The conversation then shifted to perspective. Praveen Seelam, Regional Head at Keka, shared Keka’s journey, from its early days to becoming a global HR technology platform serving 12,000+ companies across 150+ countries, touching the lives of 3.5 million employees in just 15 years. But what truly resonated was not the scale, it was the belief behind it: “HR systems should not just automate, but elevate,” Praveen shared.
That single line stayed with the room. Because it articulated what many leaders were feeling but hadn’t quite named: that the next chapter of Digital HR is not about efficiency alone. It is about experience, trust, and human potential.
As the discussion flowed into its core, Aditya reframed the conversation with refreshing clarity that this was not a debate on whether the UAE is digitally mature. Most organisations in the room already are. Many have moved well beyond first-wave transformation. The real question, he posed, was sharper and more consequential:
Are we leveraging Digital HR to shape workforce outcomes or merely to optimise processes?
Is Digital HR embedded into business and national planning, or still largely owned by HR teams?
And have leaders made workforce readiness an organisation- wide priority, not a functional one?
This shifted the room. A simple rating exercise (1–5) on how effectively Digital HR is being leveraged sparked an unexpectedly deep and honest dialogue. Leaders didn’t just rate themselves- they explained why. Challenges surfaced candidly. Gaps were acknowledged without defensiveness.
And that honesty itself became a marker of maturity.
The Majlis then ventured into territory that was both timely and uncomfortable, especially in the UAE context:
AI adoption in global organisations is far more complex than tools and pilots suggest.
AI must coexist with HI- Human Intelligence- if organisations are to remain sustainable.
The question isn’t whether AI will take jobs, but what kind of jobs leaders are intentionally redesigning.
Digital maturity varies sharply by organisation size, sector, and leadership mindset.
Do we truly understand the difference between AI and automation- or are they being used interchangeably?
Is AI adoption a passing trend, or is it rooted in a clearly articulated organisational need?
And perhaps most provocatively: Do leaders and generations at work even perceive AI in the same way?
These weren’t theoretical debates. They were grounded, contextual, and at times controversial, exactly what the Majlis was designed for.
As the evening progressed, a few truths crystallised clearly:
Self- awareness precedes progress: Knowing where you truly stand is the first step toward meaningful maturity.
Technology without intent plateaus quickly: The differentiator is leadership clarity, not tool sophistication.
AI demands responsibility, not urgency alone: Speed without ethics and human context is a risk, not an advantage.
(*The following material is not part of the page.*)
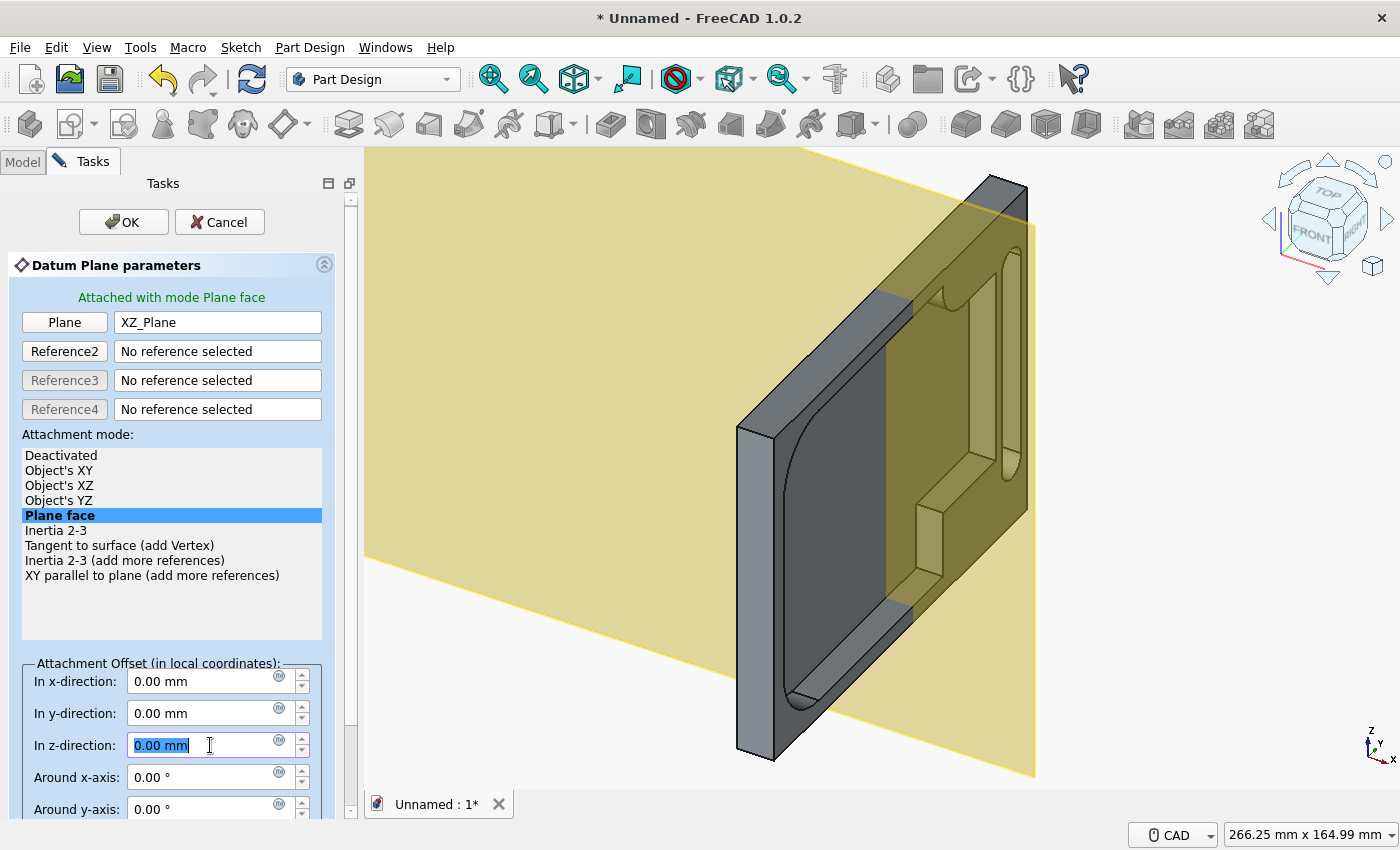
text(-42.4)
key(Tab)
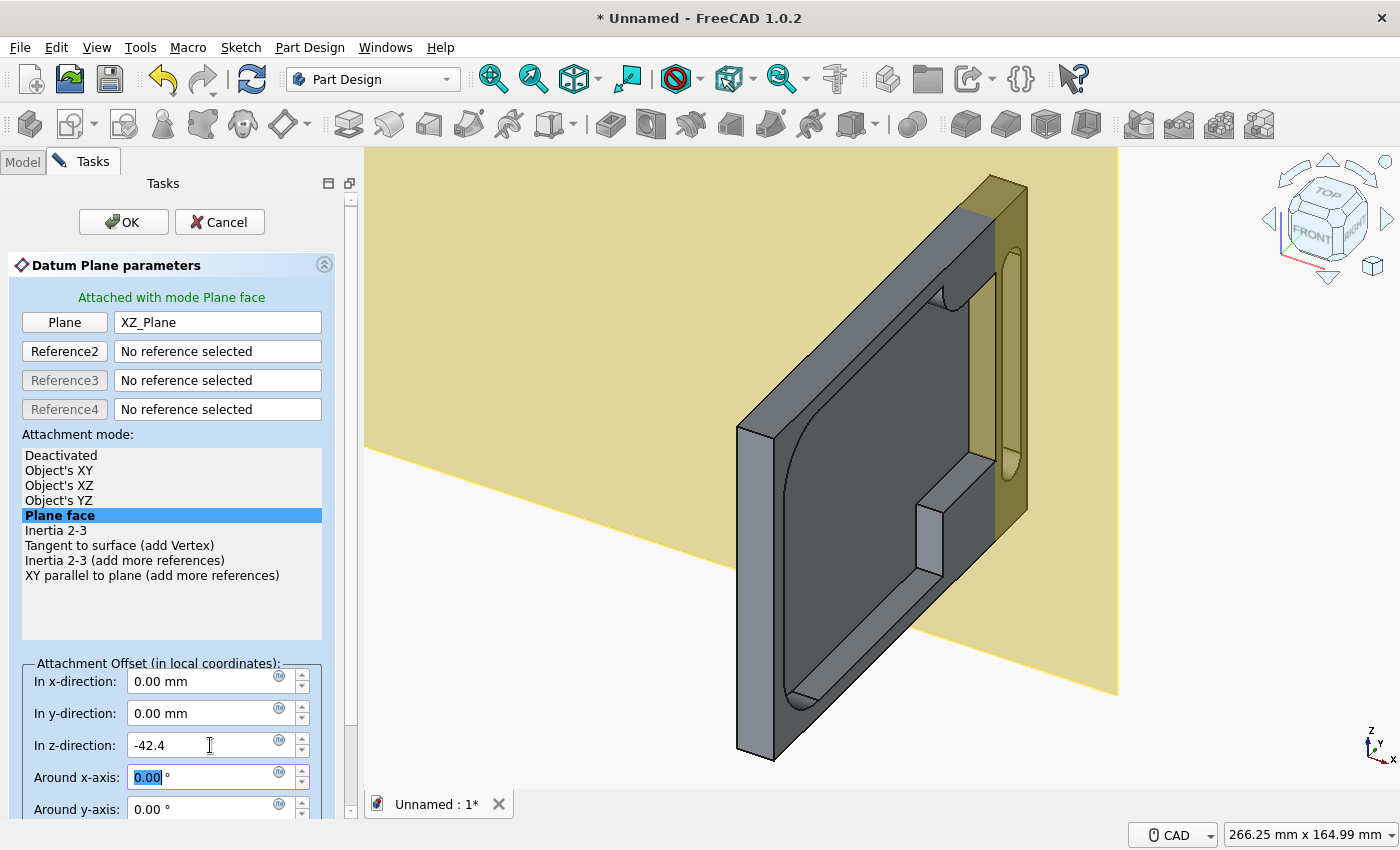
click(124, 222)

Digital HR is now a national enabler: Its role in skills, productivity, Emiratisation, and trust is undeniable.
Community matters more than ever: No organisation can navigate this shift in isolation.
The conclusion was anything but ceremonial. Through a live Mentimeter activity, leaders reflected collectively- sometimes seriously, sometimes humorously- on the path ahead. Consensus emerged: AI adoption must be taken more seriously, and more responsibly.
The final exercise brought it home. In a Red- Orange- Green reflection, leaders committed to:
Start (Green): Engaging more intentionally with peers and the ecosystem.
Continue (Orange): Investing in digital capability with clearer human outcomes.
Stop (Red): Treating AI and Digital HR as check- the- box initiatives.
One sentiment stood above all others: The only way forward is together.
As the evening transitioned into a warm dinner and deeper conversations, both Praveen and Aditya beautifully summarised the journey of the Majlis, expressing gratitude to every leader who chose to show up, speak honestly, and contribute generously.
The UAE Talent Majlis didn’t end that night. It simply opened the next chapter, one where Digital HR is no longer about readiness alone, but about responsible leadership, collective progress, and a shared future.